Her iki MB’den de politika faizlerinde bir değişiklik yapmasını beklemiyorum. Bizim PPK’dan; özellikle son enflasyon rakamlarından; sonra bir faiz indirimi gelmesi cidden kafaları karıştıracak. Zira 1.47’lerden 1.78’lere yükselen dolar/TL kurlarının yarattığı baskı yavaş yavaş enflasyon üzerinde hissedilmeye başlanmışken MB’nin bir faiz indirimine gitmesi şimdilik zor görünüyor. Her ne kadar hükümet; politikası ve söylemleri gereği daha düşük ‘reel’ faizleri “hedefliyor” olsa ve MB’nin yeni yönetimi de bu yönde politikalar oluştursa da; enflasyonun seyri MB’nin yeni faiz indirimlerini şimdilik buzdolabına koymasına sebep olacaktır.
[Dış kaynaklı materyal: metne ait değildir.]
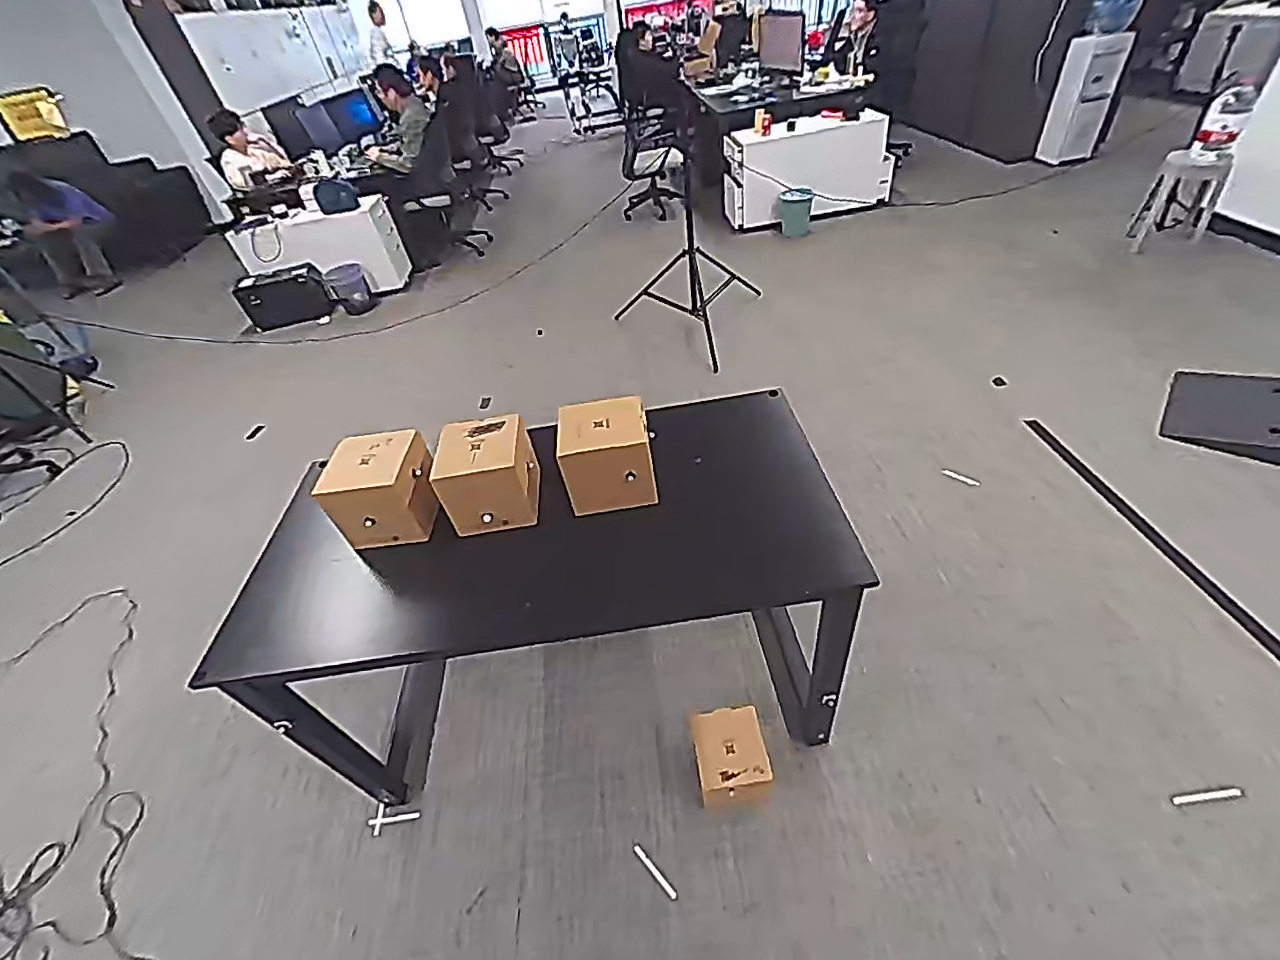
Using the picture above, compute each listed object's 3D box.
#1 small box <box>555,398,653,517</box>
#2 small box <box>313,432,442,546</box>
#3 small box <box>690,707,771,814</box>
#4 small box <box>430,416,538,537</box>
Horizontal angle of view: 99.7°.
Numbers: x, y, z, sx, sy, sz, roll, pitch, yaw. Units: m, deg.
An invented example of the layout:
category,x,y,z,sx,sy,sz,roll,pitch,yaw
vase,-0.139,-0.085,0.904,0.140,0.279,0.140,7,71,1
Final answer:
category,x,y,z,sx,sy,sz,roll,pitch,yaw
small box,-0.069,-0.045,1.126,0.179,0.176,0.168,-10,41,2
small box,-0.537,0.025,1.140,0.168,0.176,0.179,-7,42,3
small box,0.221,0.697,1.343,0.168,0.176,0.179,-10,42,1
small box,-0.315,-0.007,1.130,0.168,0.176,0.179,-10,43,0

6 Eylül’de yüzde 7.65 bileşik seviyesine kadar inen gösterge bono bileşik faizlerinin 8.23’e kadar yükselmesi (bu hafta içinde 8.40’ın görülme ihtimali yüksek) piyasaların MB’den artık kısa vadede bir faiz indirimi beklemediğini gösteriyor!
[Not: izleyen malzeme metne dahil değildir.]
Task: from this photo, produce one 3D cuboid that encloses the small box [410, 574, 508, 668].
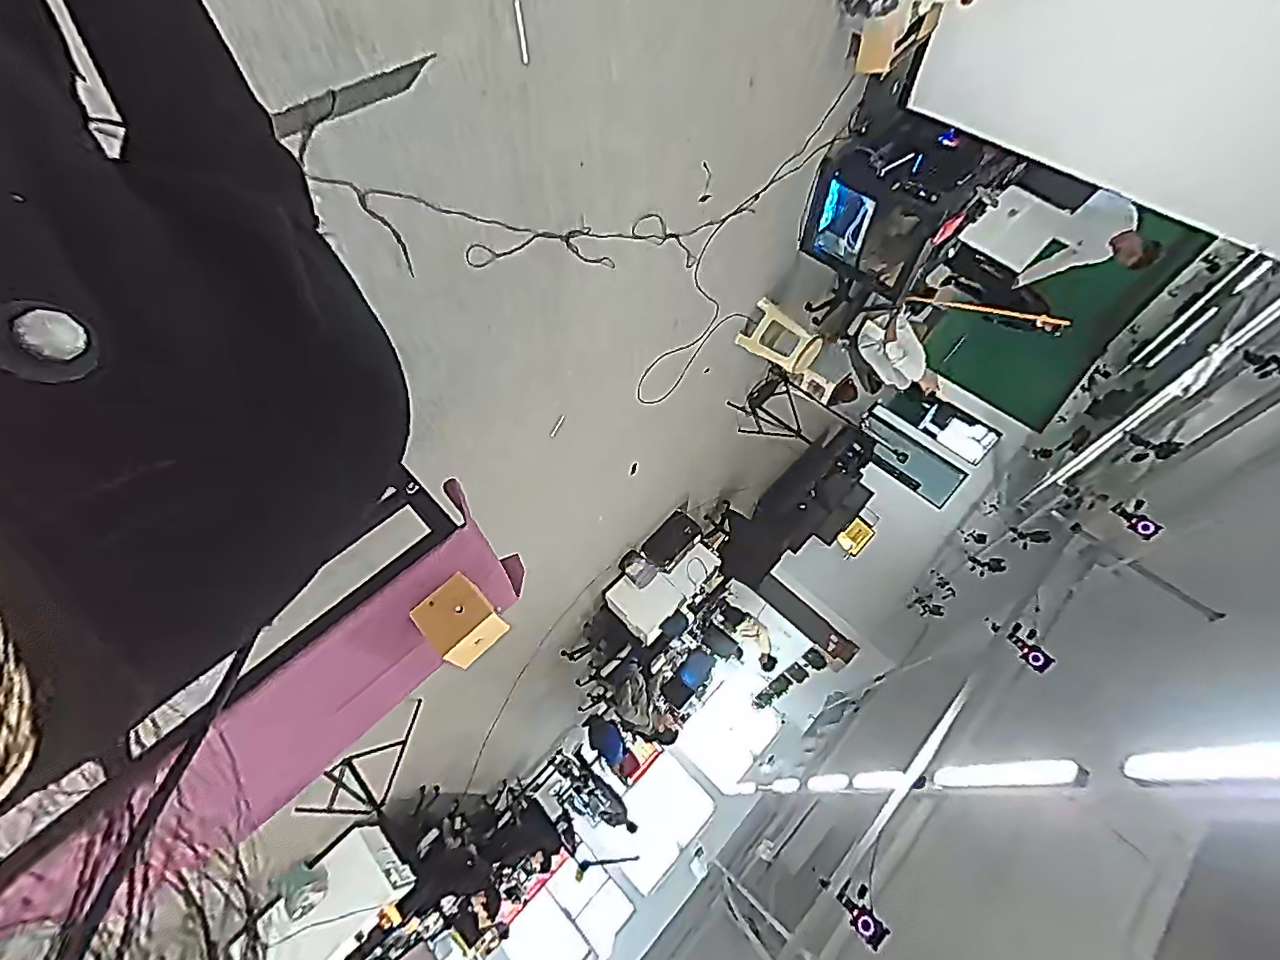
[{"bbox_3d":[-0.502,0.388,1.499,0.168,0.176,0.179,-42,158,-17],"label":"small box"}]

PPK’dan döviz mevduat zorunlu karşılıklarına değil ama TL mevduat zorunlu karşılıklarına bir indirim gelir mi? Bu ihtimal; sırf MB’nin son dönemdeki “kriz söylemleriyle” tutarlı olması açısından; sıfırdan daha yüksek. Yine de böylesi bir “genişlemeyi” gerektirecek bir durum ortada yok!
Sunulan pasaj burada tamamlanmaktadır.